(Records excerpted from a collection)
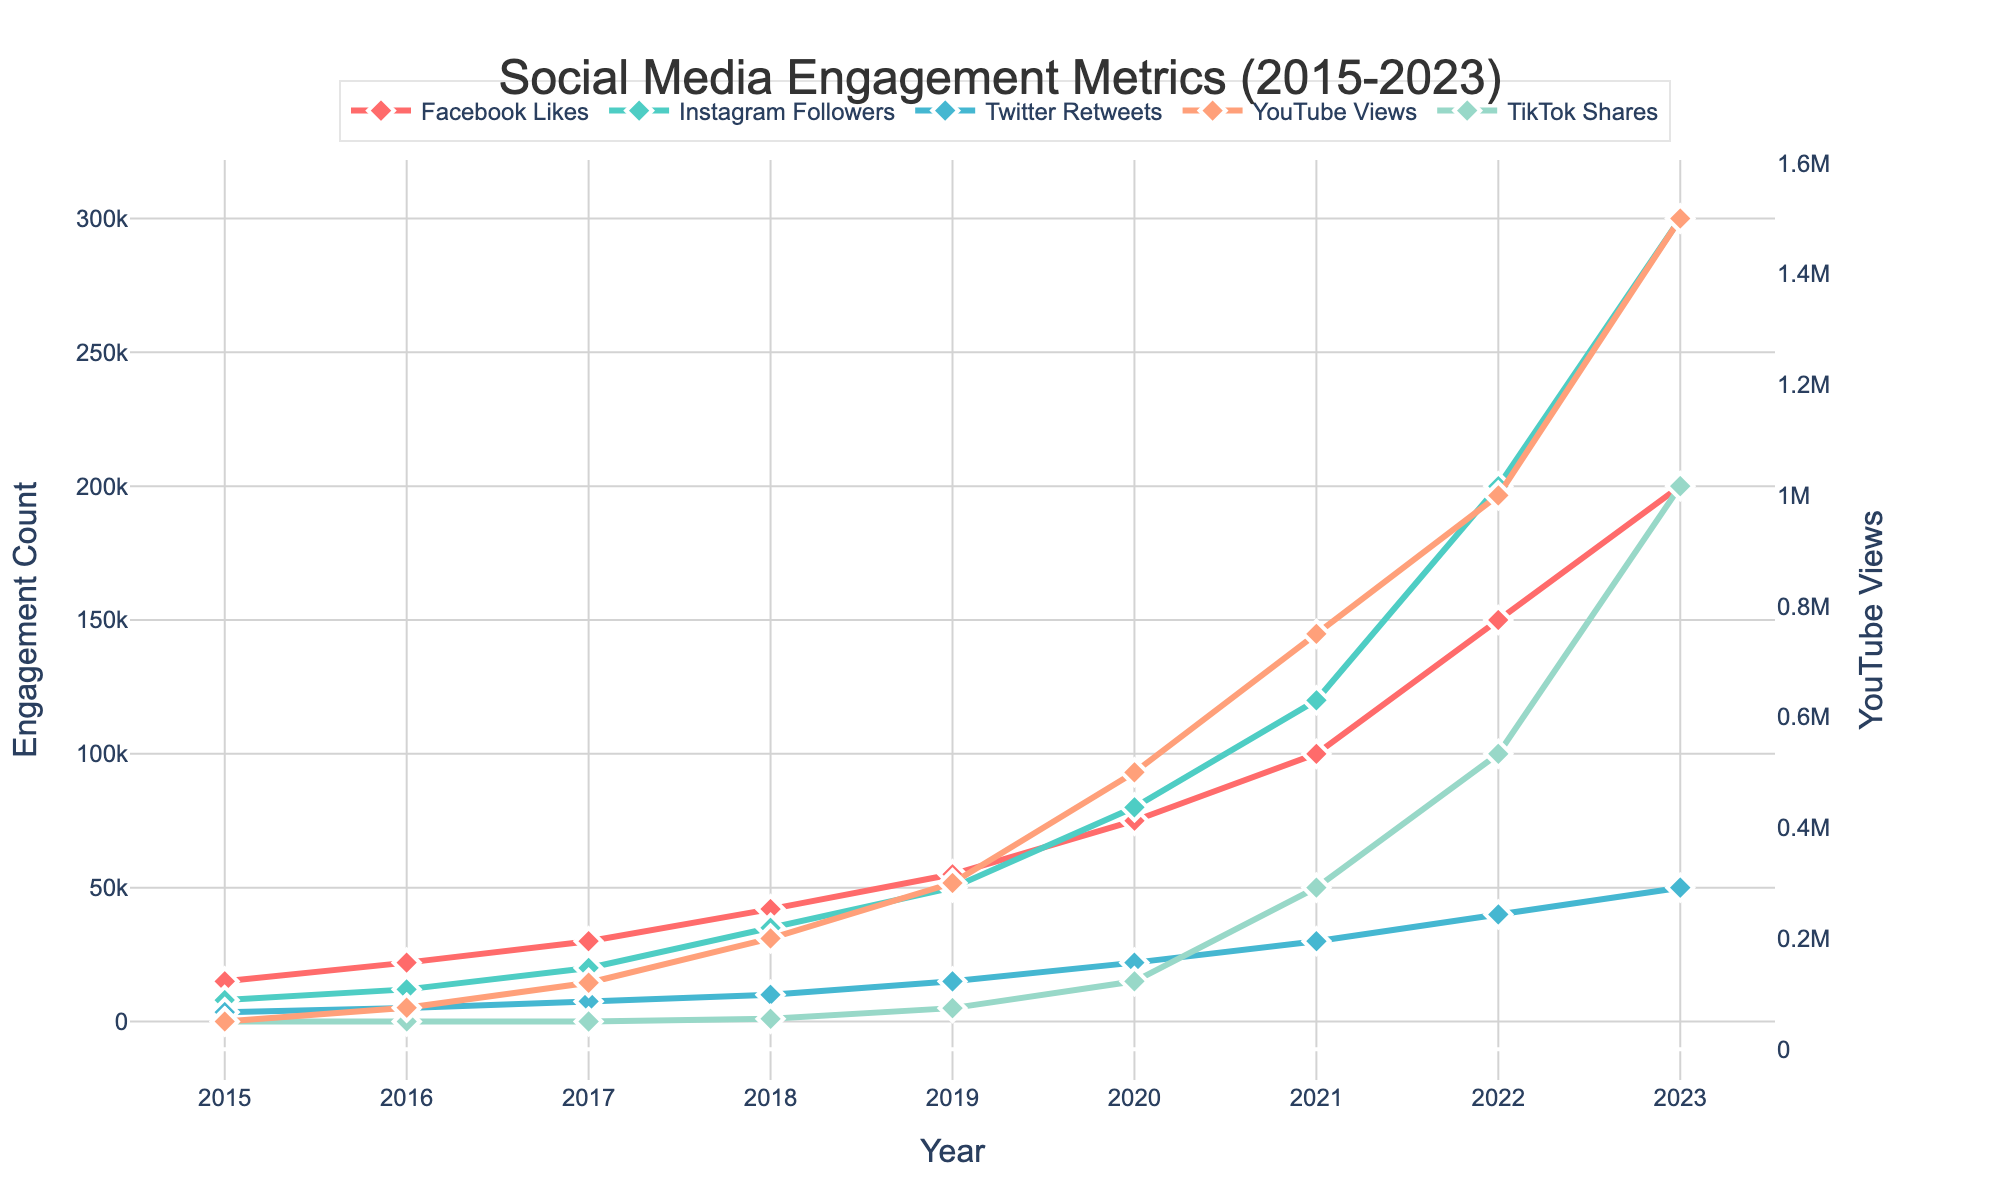What's the trend of Instagram followers from 2015 to 2023? Instagram followers show a consistent upward trend from 2015 to 2023, increasing from 8,000 in 2015 to 300,000 in 2023.
Answer: Consistent upward trend Which platform had the highest engagement in 2023? YouTube had the highest engagement in 2023 with 1,500,000 views.
Answer: YouTube How did Twitter retweets compare to TikTok shares in 2020? In 2020, Twitter retweets were at 22,000, whereas TikTok shares were at 15,000, making Twitter retweets higher.
Answer: Twitter retweets were higher What is the total number of Facebook Likes and Instagram Followers combined in 2021? Facebook Likes in 2021 were 100,000 and Instagram Followers were 120,000. Combined, they sum up to 220,000.
Answer: 220,000 What year did TikTok Shares first appear, and how much did they reach that year? TikTok Shares first appeared in 2018, reaching 1,000 shares.
Answer: 2018 with 1,000 shares Is there a year where the number of Twitter Retweets and Instagram Followers were equal? None of the years have equal numbers of Twitter Retweets and Instagram Followers.
Answer: No Which years did Facebook Likes double, and what were the values? Facebook Likes doubled in the following years: from 15,000 in 2015 to 30,000 in 2017; 30,000 in 2017 to 60,000 in 2018; and 50,000 in 2019 to 100,000 in 2021.
Answer: 2015 to 2017 and 2017 to 2018, and 2019 to 2021 Compare the growth rates of YouTube Views and TikTok Shares from 2018 to 2023. YouTube Views increased from 200,000 in 2018 to 1,500,000 in 2023, which is 7.5 times growth. TikTok Shares increased from 1,000 in 2018 to 200,000 in 2023, which is 200 times growth.
Answer: TikTok Shares grew faster What's the difference between the number of Facebook Likes and Instagram Followers in 2020? In 2020, Facebook Likes were 75,000 and Instagram Followers were 80,000, leading to a difference of 5,000 followers.
Answer: 5,000 followers 
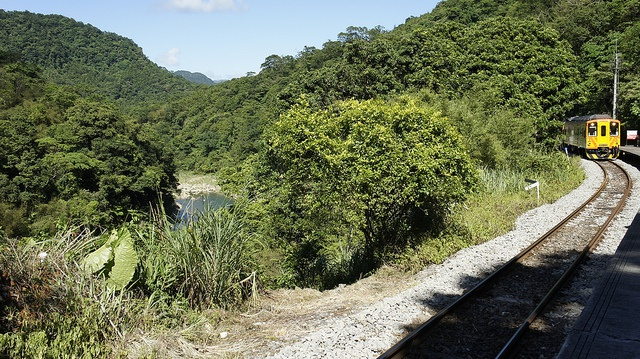Describe the objects in this image and their specific colors. I can see a train in lightblue, black, yellow, darkgreen, and gray tones in this image. 
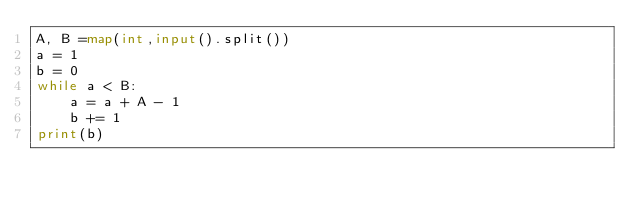<code> <loc_0><loc_0><loc_500><loc_500><_Python_>A, B =map(int,input().split())
a = 1
b = 0
while a < B:
    a = a + A - 1
    b += 1
print(b)</code> 
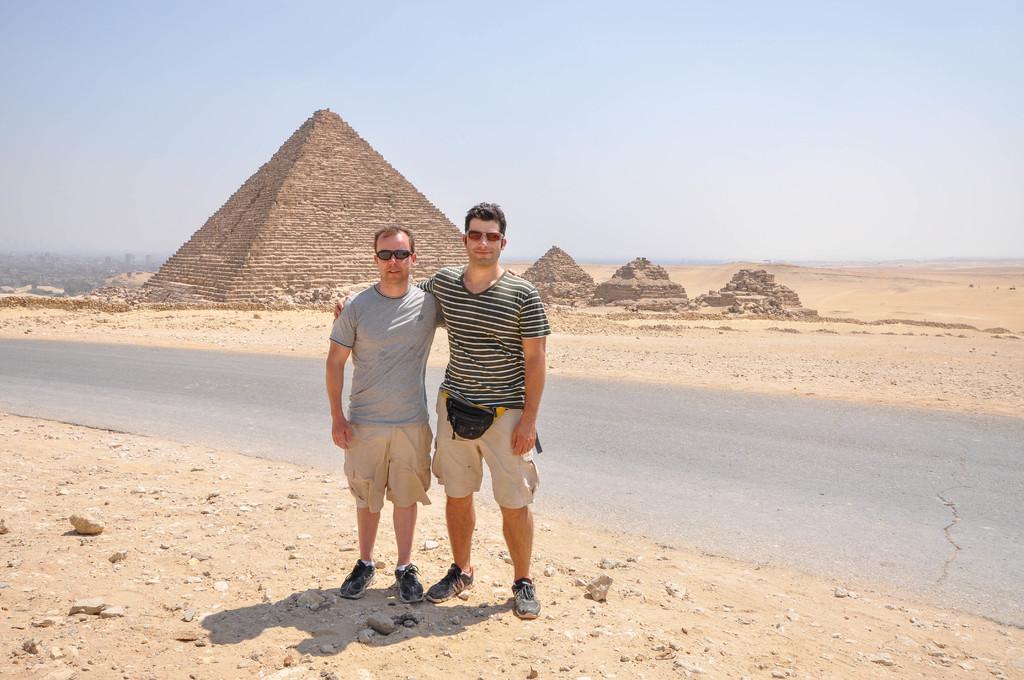Please provide a concise description of this image. In the center of the image we can see men on the ground. In the background we can see road, pyramids, sand and sky. 
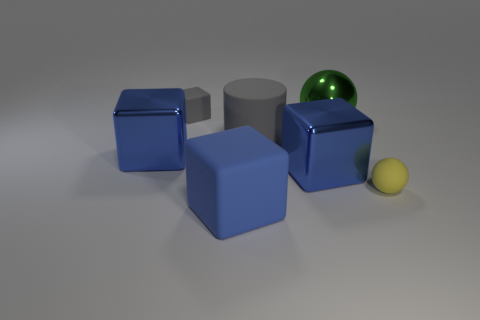How many big matte objects have the same color as the tiny cube?
Provide a succinct answer. 1. There is a big blue metallic thing to the right of the tiny matte block; does it have the same shape as the tiny rubber object in front of the tiny gray thing?
Offer a terse response. No. The big block in front of the big blue metallic thing that is on the right side of the large matte object that is in front of the tiny rubber ball is what color?
Offer a terse response. Blue. The tiny thing to the right of the big green thing is what color?
Keep it short and to the point. Yellow. There is a matte cube that is the same size as the green metal sphere; what color is it?
Ensure brevity in your answer.  Blue. Does the yellow thing have the same size as the gray block?
Give a very brief answer. Yes. What number of blue objects are in front of the yellow rubber sphere?
Your answer should be compact. 1. What number of objects are either tiny blocks that are on the left side of the big green shiny sphere or tiny blue matte cubes?
Offer a terse response. 1. Is the number of objects behind the gray block greater than the number of big cylinders that are behind the large green thing?
Provide a succinct answer. No. What size is the matte object that is the same color as the tiny block?
Keep it short and to the point. Large. 
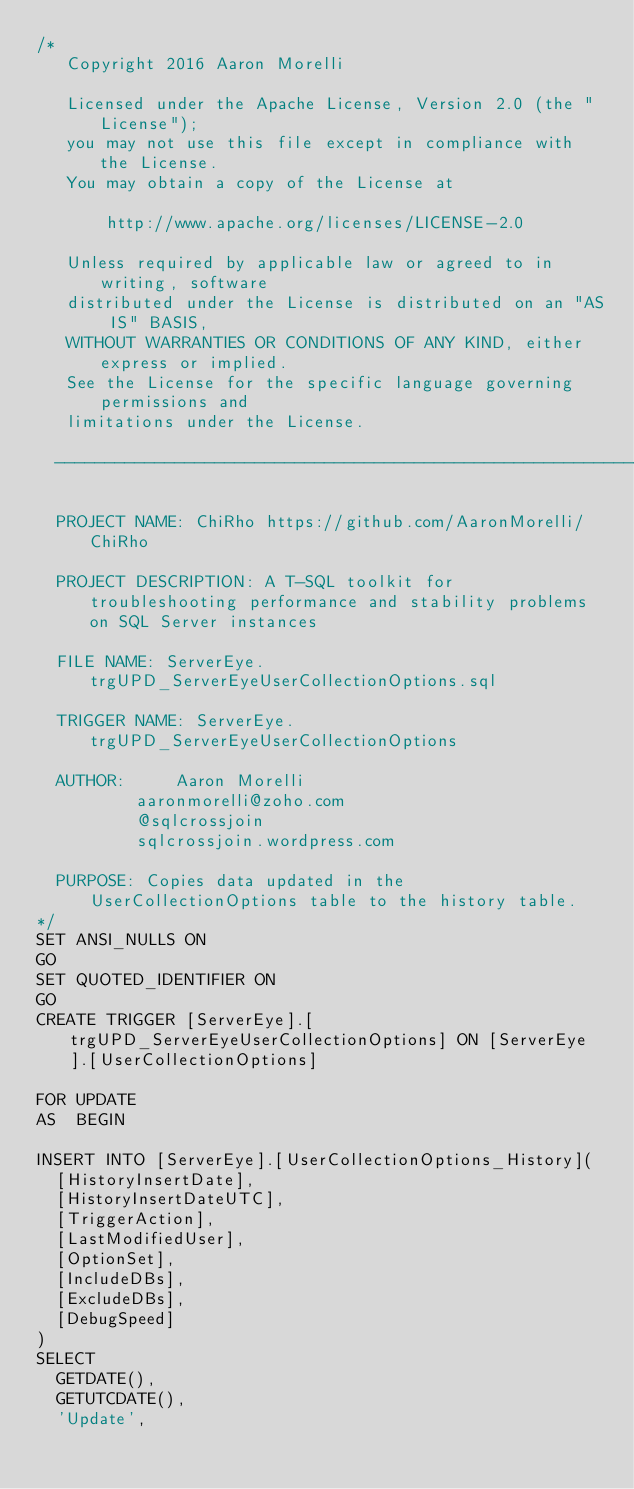Convert code to text. <code><loc_0><loc_0><loc_500><loc_500><_SQL_>/*
   Copyright 2016 Aaron Morelli

   Licensed under the Apache License, Version 2.0 (the "License");
   you may not use this file except in compliance with the License.
   You may obtain a copy of the License at

       http://www.apache.org/licenses/LICENSE-2.0

   Unless required by applicable law or agreed to in writing, software
   distributed under the License is distributed on an "AS IS" BASIS,
   WITHOUT WARRANTIES OR CONDITIONS OF ANY KIND, either express or implied.
   See the License for the specific language governing permissions and
   limitations under the License.

	------------------------------------------------------------------------

	PROJECT NAME: ChiRho https://github.com/AaronMorelli/ChiRho

	PROJECT DESCRIPTION: A T-SQL toolkit for troubleshooting performance and stability problems on SQL Server instances

	FILE NAME: ServerEye.trgUPD_ServerEyeUserCollectionOptions.sql

	TRIGGER NAME: ServerEye.trgUPD_ServerEyeUserCollectionOptions

	AUTHOR:			Aaron Morelli
					aaronmorelli@zoho.com
					@sqlcrossjoin
					sqlcrossjoin.wordpress.com

	PURPOSE: Copies data updated in the UserCollectionOptions table to the history table.
*/
SET ANSI_NULLS ON
GO
SET QUOTED_IDENTIFIER ON
GO
CREATE TRIGGER [ServerEye].[trgUPD_ServerEyeUserCollectionOptions] ON [ServerEye].[UserCollectionOptions]

FOR UPDATE
AS 	BEGIN

INSERT INTO [ServerEye].[UserCollectionOptions_History](
	[HistoryInsertDate],
	[HistoryInsertDateUTC],
	[TriggerAction],
	[LastModifiedUser],
	[OptionSet],
	[IncludeDBs],
	[ExcludeDBs],
	[DebugSpeed]
)
SELECT 
	GETDATE(),
	GETUTCDATE(),
	'Update',</code> 
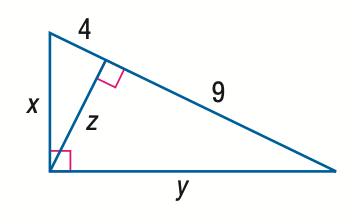Answer the mathemtical geometry problem and directly provide the correct option letter.
Question: Find z.
Choices: A: 4 B: 6 C: 9 D: 36 B 
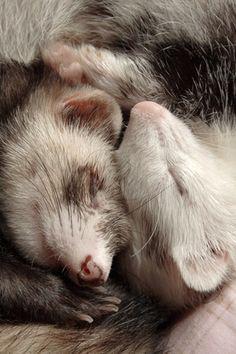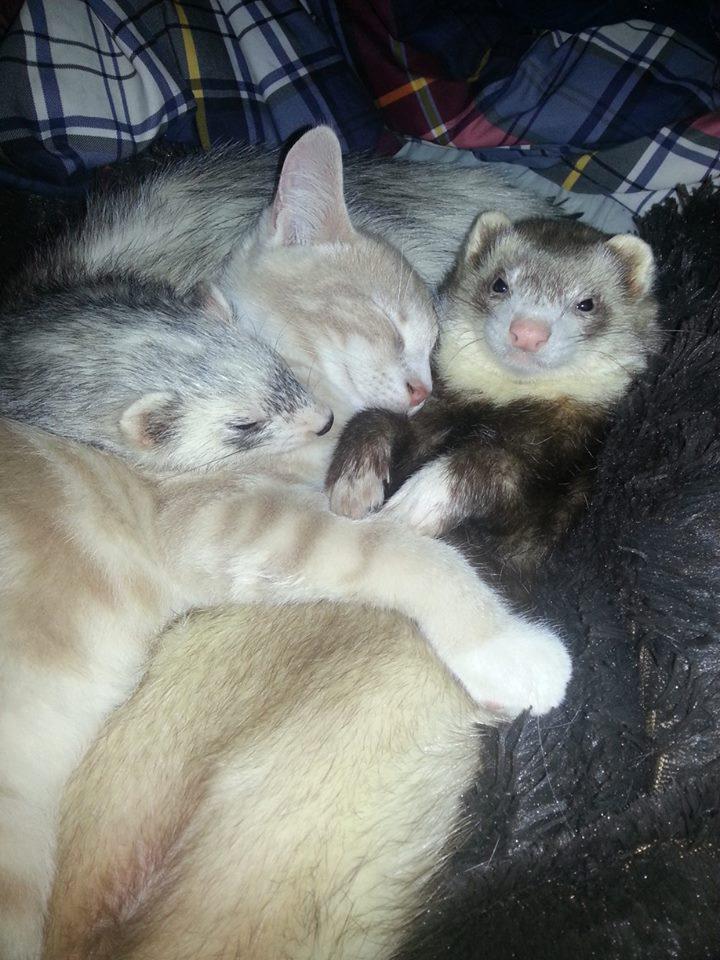The first image is the image on the left, the second image is the image on the right. For the images shown, is this caption "One image shows two ferrets sleeping with a cat in between them, and the other shows exactly two animal faces side-by-side." true? Answer yes or no. Yes. The first image is the image on the left, the second image is the image on the right. Evaluate the accuracy of this statement regarding the images: "There is more than one animal species in the image.". Is it true? Answer yes or no. Yes. 
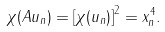Convert formula to latex. <formula><loc_0><loc_0><loc_500><loc_500>\chi ( A u _ { n } ) = \left [ \chi ( u _ { n } ) \right ] ^ { 2 } = x _ { n } ^ { 4 } .</formula> 
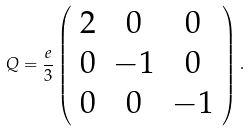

TASK REQUIREMENTS
Look through the entries above, find each line containing "either", and copy it.

OUTPUT
Your answer should be compact. 1. What number of objects are either tiny blocks that are on the left side of the big green shiny sphere or tiny blue matte cubes?
   WITHOUT WARRANTIES OR CONDITIONS OF ANY KIND, either express or implied.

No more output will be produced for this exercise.